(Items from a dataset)
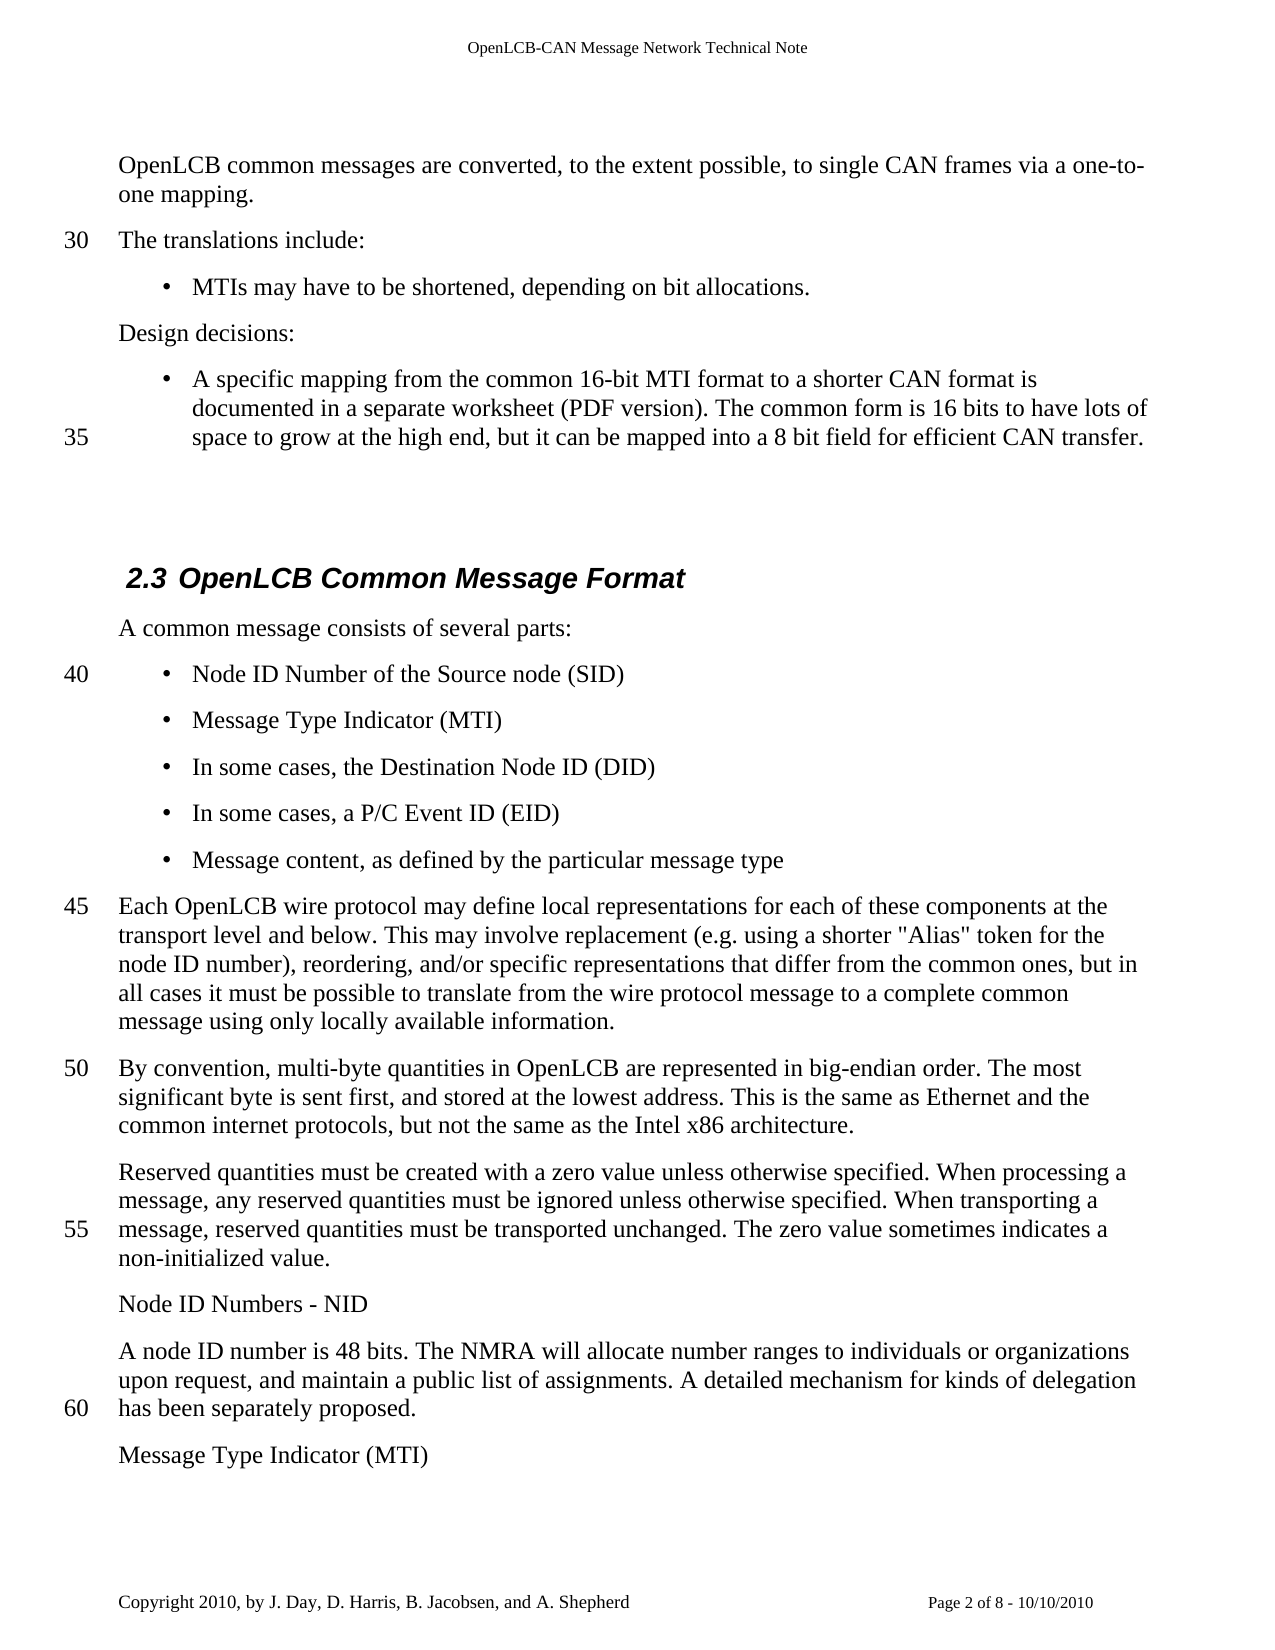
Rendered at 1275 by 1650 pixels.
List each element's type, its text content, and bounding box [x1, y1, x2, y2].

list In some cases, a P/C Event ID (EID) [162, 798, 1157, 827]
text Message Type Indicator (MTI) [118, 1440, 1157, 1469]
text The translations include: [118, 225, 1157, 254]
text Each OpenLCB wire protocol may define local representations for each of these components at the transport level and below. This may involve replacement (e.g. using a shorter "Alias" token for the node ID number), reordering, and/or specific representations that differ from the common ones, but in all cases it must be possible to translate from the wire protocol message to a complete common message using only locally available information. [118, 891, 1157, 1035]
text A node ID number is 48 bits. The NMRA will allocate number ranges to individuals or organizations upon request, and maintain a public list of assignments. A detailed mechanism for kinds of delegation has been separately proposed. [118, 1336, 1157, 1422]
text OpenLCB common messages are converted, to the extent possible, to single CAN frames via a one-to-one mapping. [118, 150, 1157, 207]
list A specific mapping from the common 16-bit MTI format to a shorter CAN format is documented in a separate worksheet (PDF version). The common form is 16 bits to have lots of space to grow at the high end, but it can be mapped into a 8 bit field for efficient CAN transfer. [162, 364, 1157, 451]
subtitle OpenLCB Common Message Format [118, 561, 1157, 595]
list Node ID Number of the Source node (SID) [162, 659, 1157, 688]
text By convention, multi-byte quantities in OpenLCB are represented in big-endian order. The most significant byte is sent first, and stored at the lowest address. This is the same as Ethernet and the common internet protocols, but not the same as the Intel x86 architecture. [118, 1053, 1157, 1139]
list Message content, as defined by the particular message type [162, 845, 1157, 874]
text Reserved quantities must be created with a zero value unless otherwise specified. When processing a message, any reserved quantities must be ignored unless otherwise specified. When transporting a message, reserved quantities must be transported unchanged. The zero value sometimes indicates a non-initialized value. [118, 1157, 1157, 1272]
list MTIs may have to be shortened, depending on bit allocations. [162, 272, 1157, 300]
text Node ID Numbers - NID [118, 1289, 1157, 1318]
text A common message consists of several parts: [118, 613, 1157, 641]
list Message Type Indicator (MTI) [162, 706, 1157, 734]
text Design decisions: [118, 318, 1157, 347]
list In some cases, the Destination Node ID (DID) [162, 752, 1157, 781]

◆ AIM OF THE EXERCISE ◆
Lines from the one that contains "text A common" through the final line of the entries must be duplicated exactly, and no other lines.

◆ RESPONSE AREA ◆
text A common message consists of several parts: [118, 613, 1157, 641]
list Message Type Indicator (MTI) [162, 706, 1157, 734]
text Design decisions: [118, 318, 1157, 347]
list In some cases, the Destination Node ID (DID) [162, 752, 1157, 781]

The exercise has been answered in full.